Oh, how I relate with you all. I am new here but have been dealing with my combat vet husbands PTSD for 8 years now. The first 7 were horrible. My husband saw everyone else as the problem and he was perfectly fine. I would talk, cry, plead, and beg him to get help but all it ever seemed to do was make him angrier and push him farther away. The kids and i dealt with SGT Butthead quite often. There were even times that he would rage and those times scared the heck out of me because when I looked in his eyes, I did not see anyone I knew.
I can tell you that what has helped my husband deal with his PTSD is having a great counselor who is knowledgeable with PTSD but does not work for the VA. I also made my husband go in for a full physical and found that he had other health issues that could heighten his PTSD. Quiet times and places are key to recovery for your combat vet. Do not take them to Wal Mart on a payday and expect their mood to be great then or the rest of the day. Make time for your self to revive so you can be more understanding of what your vet is dealing with. If we are going somewhere there will be heavy traffic, I drive.
Help your combat vet find a place that is calming for him. My husband and his fellow vet buddies go down to the river behinds a friends place. I have yet to see them bring home a fish but my husband is smiling and stress free when he returns. The hardest thing for me to do was to add back intimacy in our marriage and I am not talking sex but other things that promote closeness. going for a walk in a park and holding their hand, going to a local pub and sharing a beer and small talk. packing a picnic and going fishing somewhere quiet, taking a weekend to the beach. We became so wrapped up in raising our children that we lost sight of us as a couple. We now do these things as a couple without our children. At first it was hard, We both felt very guilty but it time the guilt left and we looked forward to our quiet time together.

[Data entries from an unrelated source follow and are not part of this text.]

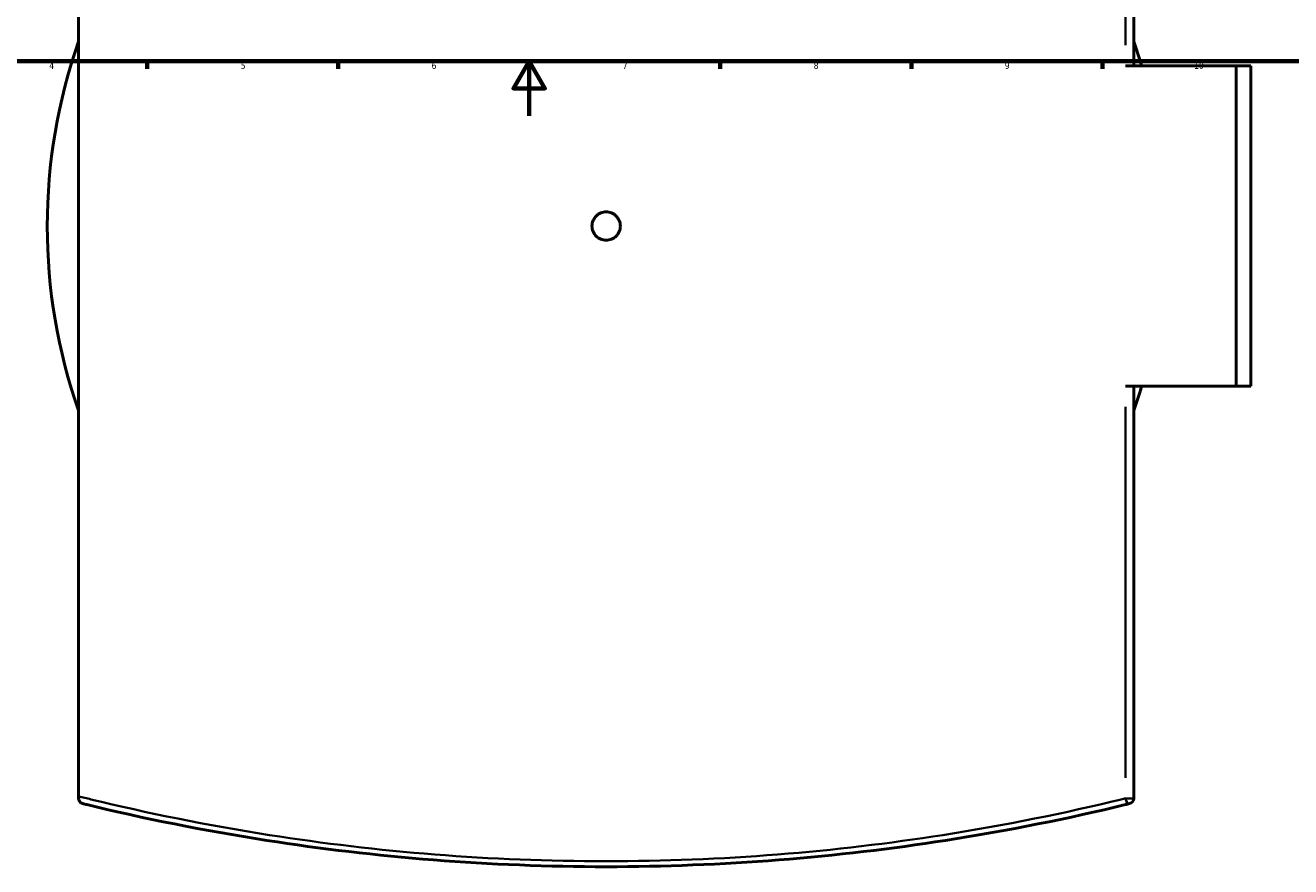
# Model space of a CAD drawing. Header units: millimetres. Extents: x -604 to 1143, y -275 to 917.
# Tile 5 of 11: x 236 to 700, y -275 to 33. Entities that reach past the tile are written whole.
import ezdxf

# ---------------------------------------------------------------- set-up
doc = ezdxf.new("R2010")
doc.units = ezdxf.units.MM
for name, color, linetype, lineweight in [('Border (ANSI)', 7, 'Continuous', 70), ('Visible (ANSI)', 7, 'Continuous', 50), ('Visible Narrow (ANSI)', 7, 'Continuous', 35)]:
    doc.layers.add(name, color=color, linetype=linetype, lineweight=lineweight)
doc.styles.add('Note Text (ANSI)', font='tahoma.ttf')

# ---------------------------------------------------------------- blocks, each defined once
blk = doc.blocks.new('Borders Default Border')
at = {"layer": 'Border (ANSI)'}
for p, q in [((280.33, 20), (280.33, 17.2)), ((350.42, 20), (350.42, 17.2)), ((490.58, 20), (490.58, 17.2)), ((560.67, 20), (560.67, 17.2)), ((630.75, 20), (630.75, 17.2))]:
    blk.add_line(p, q, dxfattribs=at)
at = {"layer": 'Border (ANSI)', "flags": 128}
for points in [[(20, 20), (20, 574), (821, 574), (821, 20), (20, 20)], [(420.5, 0), (420.5, 20), (414.73, 10), (426.27, 10), (420.5, 20)]]:
    blk.add_lwpolyline(points, dxfattribs=at)
at = {"layer": 'Border (ANSI)', "color": 5, "true_color": 0x0000ff, "char_height": 2.4, "attachment_point": 7, "style": 'Note Text (ANSI)'}
for s, insert in [('4', (244.45, 17.2)), ('5', (314.67, 17.15)), ('6', (384.69, 17.15)), ('7', (454.8, 17.2)), ('8', (524.84, 17.15)), ('9', (594.92, 17.15)), ('10', (664.35, 17.15))]:
    blk.add_mtext(s, dxfattribs=dict(at, insert=insert))

msp = doc.modelspace()

# ---------------------------------------------------------------- linework, layer by layer
at = {"layer": 'Visible (ANSI)'}
for p, q in [((255.23, -249.65), (255.23, 168.69)), ((642.23, 18.27), (642.23, 169.45)), ((639.16, 18.27), (679.75, 18.27)), ((679.75, -99.23), (679.75, 18.27)), ((679.75, 18.27), (685.23, 18.27)), ((685.23, -99.23), (685.23, 18.27)), ((679.75, -99.23), (639.16, -99.23)), ((642.23, -250.41), (642.23, -99.23)), ((685.23, -99.23), (679.75, -99.23)), ((255.23, -249.65), (255.23, -250.41))]:
    msp.add_line(p, q, dxfattribs=at)
for centre, radius, start, end in [((448.73, -40.48), 205, 160.7176, 199.2824), ((448.73, -40.48), 205, 16.6536, 19.2824), ((448.73, -40.48), 205, 340.7176, 343.3464), ((640.23, -250.41), 2, 283.7377, 0)]:
    msp.add_arc(centre, radius, start, end, dxfattribs=at)
for points, knots in [([(453.93, -40.48), (453.93, -41.13), (453.8, -41.83), (453.27, -43.11), (452.87, -43.7), (451.95, -44.62), (451.36, -45.02), (450.08, -45.55), (449.39, -45.68), (448.08, -45.68), (447.38, -45.55), (446.1, -45.02), (445.52, -44.62), (444.59, -43.7), (444.19, -43.11), (443.66, -41.83), (443.53, -41.13), (443.53, -39.83), (443.66, -39.13), (444.19, -37.85), (444.59, -37.27), (445.52, -36.34), (446.1, -35.94), (447.38, -35.41), (448.08, -35.28), (449.39, -35.28), (450.08, -35.41), (451.36, -35.94), (451.95, -36.34), (452.87, -37.27), (453.27, -37.85), (453.8, -39.13), (453.93, -39.83), (453.93, -40.48)], [0, 0, 0, 0, 0.19588, 0.19588, 0.39176, 0.39176, 0.58764, 0.58764, 0.78352, 0.78352, 0.9794, 0.9794, 1.175281, 1.175281, 1.371161, 1.371161, 1.567041, 1.567041, 1.762921, 1.762921, 1.958801, 1.958801, 2.154681, 2.154681, 2.350561, 2.350561, 2.546441, 2.546441, 2.742321, 2.742321, 2.938201, 2.938201, 3.134081, 3.134081, 3.134081, 3.134081]), ([(256.76, -252.35), (256.76, -252.35), (256.75, -252.35), (256.5, -252.29), (256.26, -252.18), (255.85, -251.87), (255.66, -251.68), (255.41, -251.26), (255.33, -251.06), (255.25, -250.72), (255.23, -250.57), (255.23, -250.41)], [-0.3688658, -0.3688658, -0.3688658, -0.3688658, -0.3678466, -0.3678466, -0.2437417, -0.2437417, -0.133416, -0.133416, -0.0528028, -0.0528028, 0, 0, 0, 0]), ([(256.76, -252.35), (257.25, -252.48), (257.74, -252.6), (278.96, -257.74), (301.12, -262.23), (344.02, -268.92), (364.49, -271.35), (406.21, -274.63), (427.47, -275.48), (448.73, -275.48), (469.99, -275.48), (491.25, -274.63), (532.98, -271.35), (553.44, -268.92), (596.34, -262.24), (618.5, -257.74), (639.71, -252.6), (640.21, -252.48), (640.71, -252.35)], [2.367454, 2.367454, 2.367454, 2.367454, 2.545558, 2.545558, 10.022907, 10.022907, 16.385053, 16.385053, 22.747203, 22.747203, 22.747203, 29.109354, 29.109354, 35.4715, 35.4715, 42.946148, 42.946148, 43.126501, 43.126501, 43.126501, 43.126501])]:
    msp.add_open_spline(points, degree=3, knots=knots, dxfattribs=at)
at = {"layer": 'Visible Narrow (ANSI)'}
for p, q in [((639.16, 161.89), (639.16, 25.83)), ((639.16, -106.79), (639.16, -242.85)), ((639.35, -250.41), (642.22, -250.41))]:
    msp.add_line(p, q, dxfattribs=at)
msp.add_ellipse((640.23, -250.41), major_axis=(0.47, -1.94), ratio=0.525349, start_param=4.669582, end_param=6.198259, dxfattribs=at)
msp.add_open_spline([(639.16, -250.41), (638.67, -250.53), (638.17, -250.65), (617.13, -255.79), (595.15, -260.27), (552.6, -266.94), (532.3, -269.36), (490.91, -272.63), (469.82, -273.48), (448.73, -273.48), (427.64, -273.48), (406.56, -272.63), (365.17, -269.36), (344.87, -266.94), (302.31, -260.27), (280.32, -255.78), (258.25, -250.4), (256.74, -250.03), (255.23, -249.65)], degree=3, knots=[-43.126501, -43.126501, -43.126501, -43.126501, -42.946148, -42.946148, -35.4715, -35.4715, -29.109354, -29.109354, -22.747203, -22.747203, -22.747203, -16.385053, -16.385053, -10.022907, -10.022907, -2.545558, -2.545558, -1.992254, -1.992254, -1.992254, -1.992254], dxfattribs=at)

# ---------------------------------------------------------------- block references
msp.add_blockref('Borders Default Border', (0, 0))

doc.saveas('drawing.dxf')

Another thing that I found that troubled my husband is that he could never shut down his mind and had very hard time sleeping. He was lucky to get a few hours a night. I had found that with dealing with his PTSD and other things, we had put off many things that we needed to get done and this weighed heavy on his mind so we sat down and made a list of these things from most important to what could wait. Slowly but surely we have done these things and as they get done, I see the stress leave my husband even more.
I can't say that this will work for every combat vet but I know that by relieving a few stresses in my husbands life it has opened him up to being able to heal some and make for a much better home life.